Drawing blood isn’t particularly pleasant at best for the patient, but interest in mobile and wearable devices to check and measure blood-borne biomarkers may make the process faster, easier, and unobtrusive. People with diabetes, for example, often need to check their blood glucose levels four to eight times a day. A method to make that process easier and quicker would be a blessing, particularly if it can work without the usual “ouch” of even the tiniest needle stick.
In a sign that Google’s newly named parent company Alphabet may be interested in introducing technology or devices to facilitate blood drawing, the U.S. Patent Office recently published Patent Application #20150342509, originally applied for by Google in May 2014. The application is for Needle-Free Blood Draw technology. The patent abstract reveals the system consists of a fixed housing, an accelerator barrel, and a negative pressure barrel and chamber. Pressurized gas within the barrel shoots a microparticle through skin membrane resulting in a tiny amount of blood being drawn back into the negative pressure chamber.

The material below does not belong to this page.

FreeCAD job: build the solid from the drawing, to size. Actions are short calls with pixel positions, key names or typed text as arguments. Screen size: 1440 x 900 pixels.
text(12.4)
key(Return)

When connected to sensors that can detect specific components in the blood and an application to analyze, store, and report on those components, a self-contained system could conceivably be designed for fast, accurate, and hopefully pain-free and mess-free blood testing. The patent application includes drawings of a watch-like device so the implication is that Google’s needle-free blood draw technology might be on the design horizon for future wearable health technology.

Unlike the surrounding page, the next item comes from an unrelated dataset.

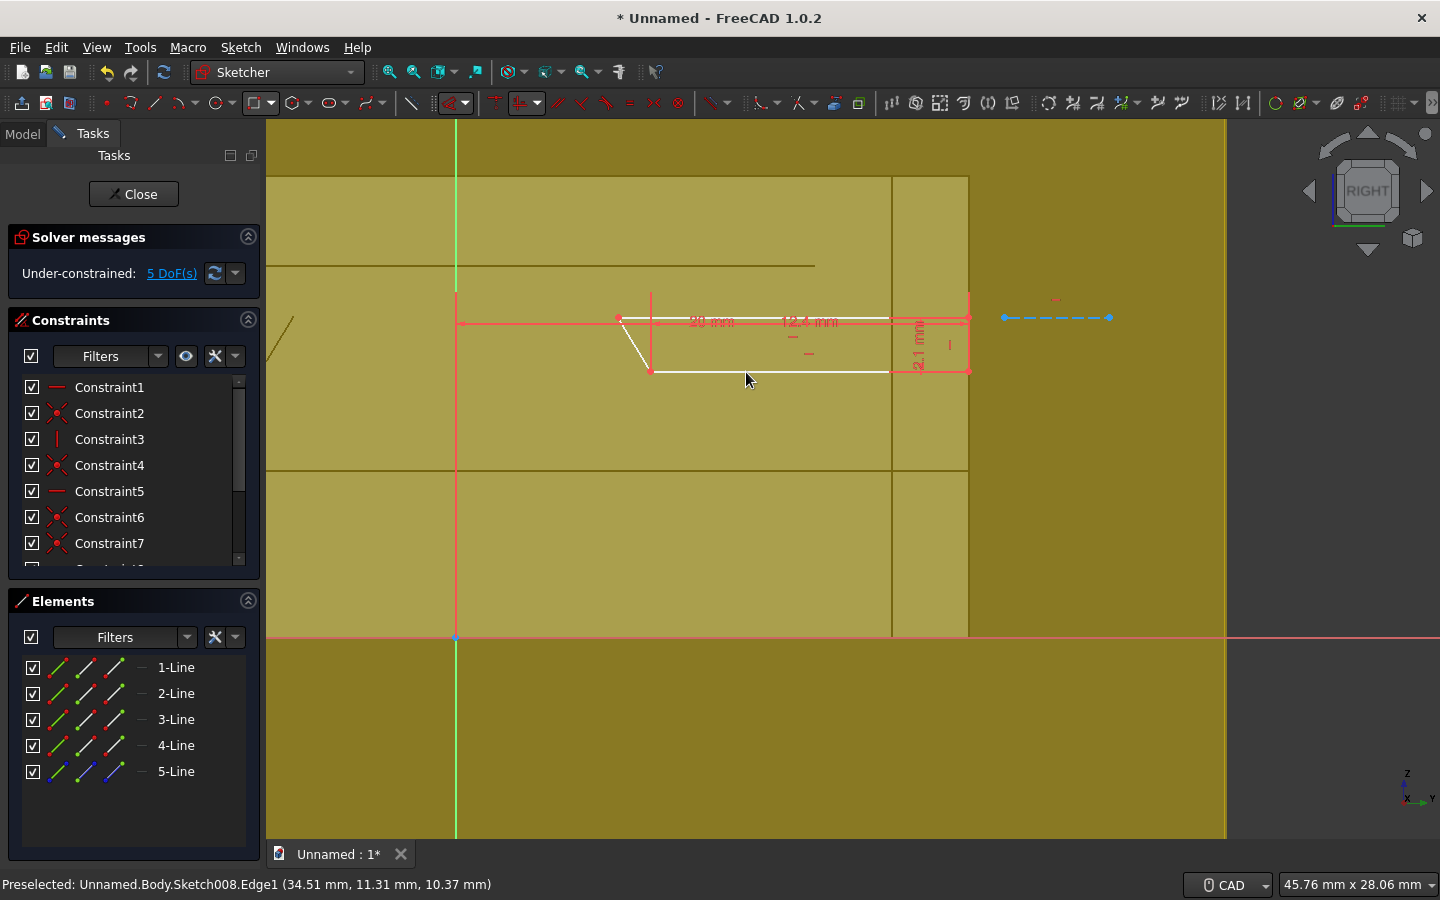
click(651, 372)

When I give blood for annual physicals or other checkups the phlebotomist sometimes mentions that even though they draw what seems like quite a bit in a number of tubes, each test requires only a tiny amount of blood. It will be interesting to see how blood testing evolves in mobile or wearable devices, especially without needles and for consumer use. The day may come when prior to an annual check-in with a healthcare professional, all we have to do is strap on a watch.